Acceptance test for libvfio-user in QEMU
Signed-off-by: Elena Ufimtseva <elena.ufimtseva@oracle.com>
Signed-off-by: John G Johnson <john.g.johnson@oracle.com>
Signed-off-by: Jagannathan Raman <jag.raman@oracle.com>
---
MAINTAINERS | 1 +
tests/acceptance/vfio-user.py | 94 +++++++++++++++++++++++++++++++++++++++++++
2 files changed, 95 insertions(+)
create mode 100644 tests/acceptance/vfio-user.py
diff --git a/MAINTAINERS b/MAINTAINERS
index 46ab6b6..644bd35 100644
--- a/MAINTAINERS
+++ b/MAINTAINERS
@@ -3381,6 +3381,7 @@ F: include/hw/remote/proxy-memory-listener.h
F: hw/remote/iohub.c
F: include/hw/remote/iohub.h
F: hw/remote/vfio-user-obj.c
+F: tests/acceptance/vfio-user.py
EBPF:
M: Jason Wang <jasowang@redhat.com>
diff --git a/tests/acceptance/vfio-user.py b/tests/acceptance/vfio-user.py
new file mode 100644
index 0000000..ef318d9
--- /dev/null
+++ b/tests/acceptance/vfio-user.py
@@ -0,0 +1,94 @@
+# vfio-user protocol sanity test
+#
+# This work is licensed under the terms of the GNU GPL, version 2 or
+# later. See the COPYING file in the top-level directory.
+
+
+import os
+import socket
+import uuid
+
+from avocado_qemu import Test
+from avocado_qemu import wait_for_console_pattern
+from avocado_qemu import exec_command
+from avocado_qemu import exec_command_and_wait_for_pattern
+
+class VfioUser(Test):
+ """
+ :avocado: tags=vfiouser
+ """
+ KERNEL_COMMON_COMMAND_LINE = 'printk.time=0 '
+
+ def do_test(self, kernel_url, initrd_url, kernel_command_line,
+ machine_type):
+ """Main test method"""
+ self.require_accelerator('kvm')
+
+ kernel_path = self.fetch_asset(kernel_url)

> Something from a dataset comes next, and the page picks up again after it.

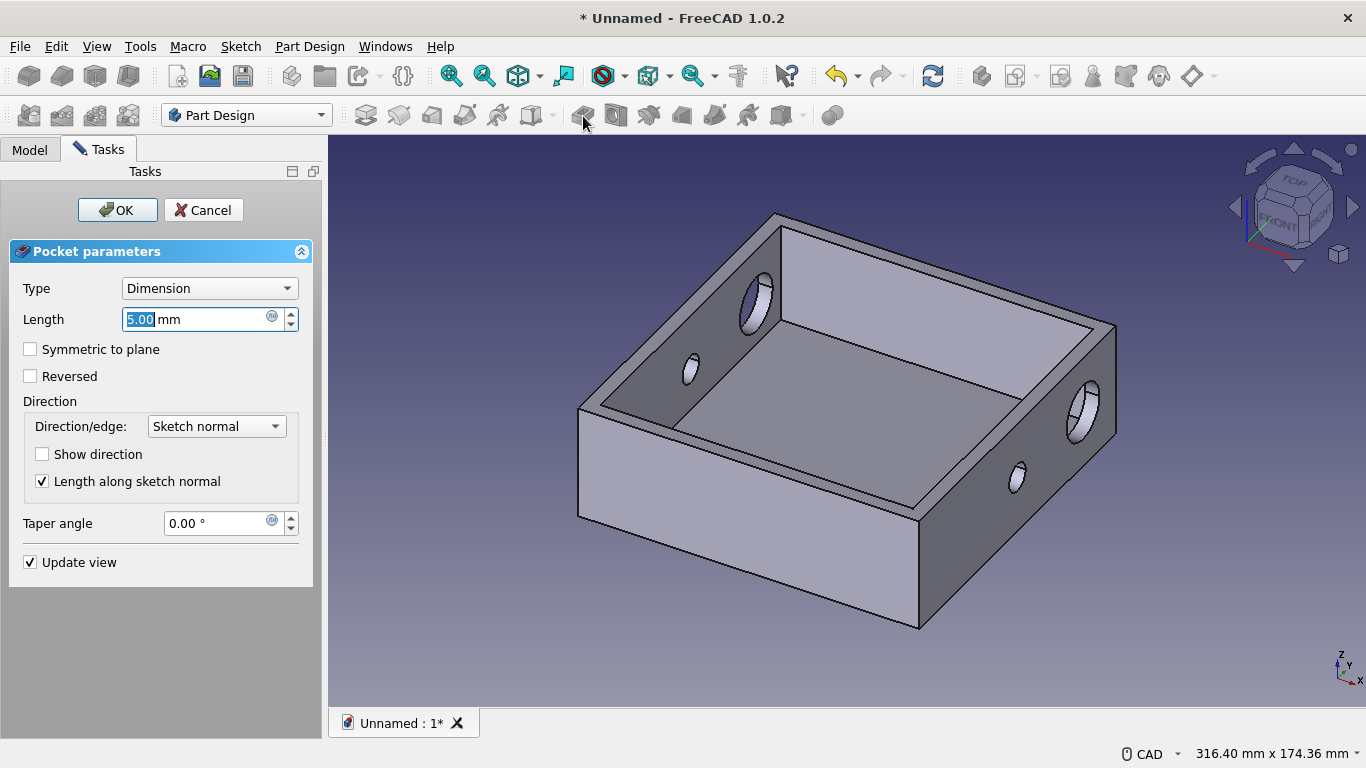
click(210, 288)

+ initrd_path = self.fetch_asset(initrd_url)
+
+ socket = os.path.join('/tmp', str(uuid.uuid4()))
+ if os.path.exists(socket):
+ os.remove(socket)
+
+ # Create remote process
+ remote_vm = self.get_vm()
+ remote_vm.add_args('-machine', 'x-remote')
+ remote_vm.add_args('-nodefaults')
+ remote_vm.add_args('-device', 'lsi53c895a,id=lsi1')
+ remote_vm.add_args('-object', 'vfio-user,id=vfioobj1,'
+ 'devid=lsi1,socket='+socket)
+ remote_vm.launch()
+
+ # Create proxy process
+ self.vm.set_console()
+ self.vm.add_args('-machine', machine_type)
+ self.vm.add_args('-accel', 'kvm')
+ self.vm.add_args('-cpu', 'host')
+ self.vm.add_args('-object',
+ 'memory-backend-memfd,id=sysmem-file,size=2G')
+ self.vm.add_args('--numa', 'node,memdev=sysmem-file')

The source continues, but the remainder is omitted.